Ovoviviparous, number of young 1 or 2 in a litter. Fetuses resorb their yolk sacs and are ready for birth at about 10.1 to 10.7 cm length. This shark is extraordinary in the great size of full-term young compared to their mothers, and the small size of females at maturity. Examination of females in Indian waters show that these may become pregnant at 16.6 cm length or less (large eggs appear at about 15 cm). It is possible that females grow considerably while pregnant, as only the larger females above 18 cm have large, near or full-term young, while small females below 17 cm only have embryos in earlier stages.
Feeds primarily on small bony fishes and crustaceans, with squid a lesser component of its diet. In the stomachs of over 300 specimens from Indian waters bony fishes, particularly lanternfishes but also bristlemouths (Gonostomatidae), small eels and digested fish remains formed about 55% of this shark's diet by volume; crustaceans, primarily deepwater shrimp but also stomatopods and crab larvae occurred at 28% by volume; squid occurred at about 14% by volume, but few other items were recorded (bivalves in one stomach).
Size:
Maximum 24 cm; males mature at 18 to 19 cm or less, and reach 23 cm; females mature at about 15 to 16 cm and reach 24 cm; size at birth about 11 cm.
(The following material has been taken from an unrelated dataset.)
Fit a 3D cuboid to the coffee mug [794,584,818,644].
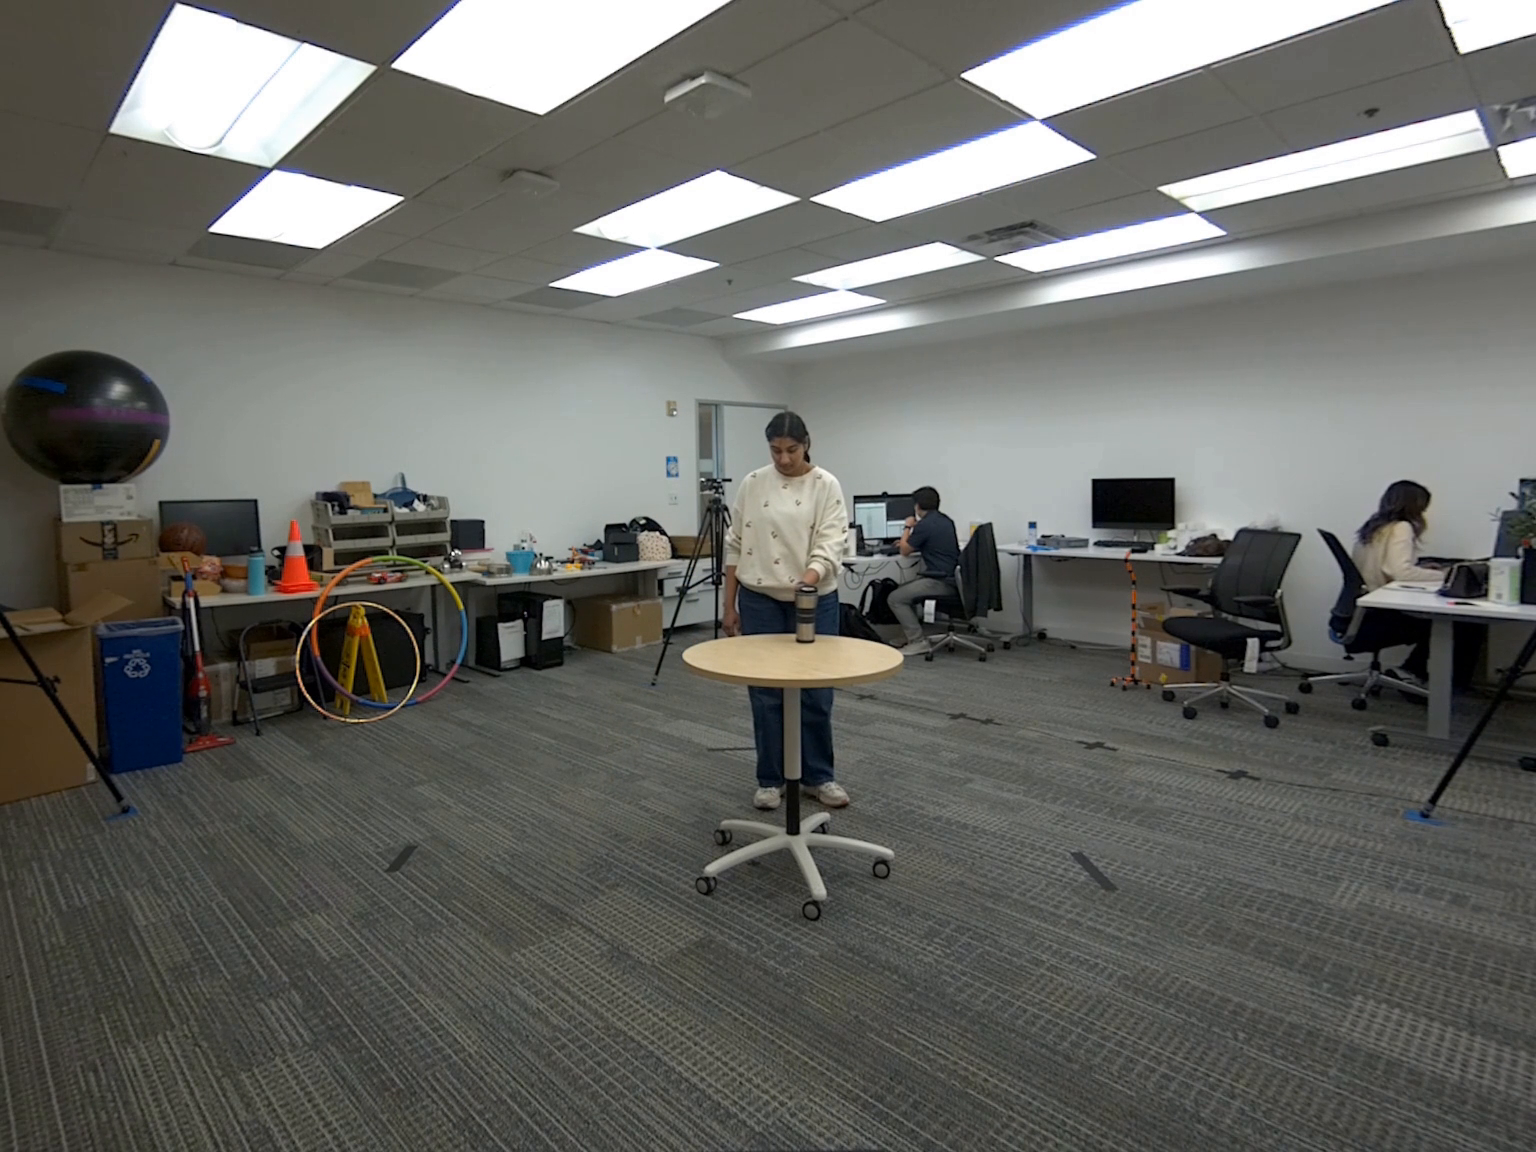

This is one of the two smallest living sharks known at present, and is only rivalled in size by the squaloid Squaliolus laticaudus.
Interest to Fisheries:
Minimal, taken in commercial bottom trawls in the Philippines, but utilization there is not known.
Remarks:
The writer examined the holotype of Proscyllium alcocki Misra, 1947 (ZSI F 229/1, a 208 mm adult male) in the collections of the Zoological Survey of India, Calcutta, and was able to confirm the synonymy of Misra's species with Eridacnis radcliffei.
Type material:
Holotype: U.S. National Museum of Natural History, USNM-74604, 230 mm adult female. Type Locality: Off Jolo Light, Jolo Island, Sulu Archipelago, The Philippines, 6°11.8'N, 121°08.3'E, 295 m depth.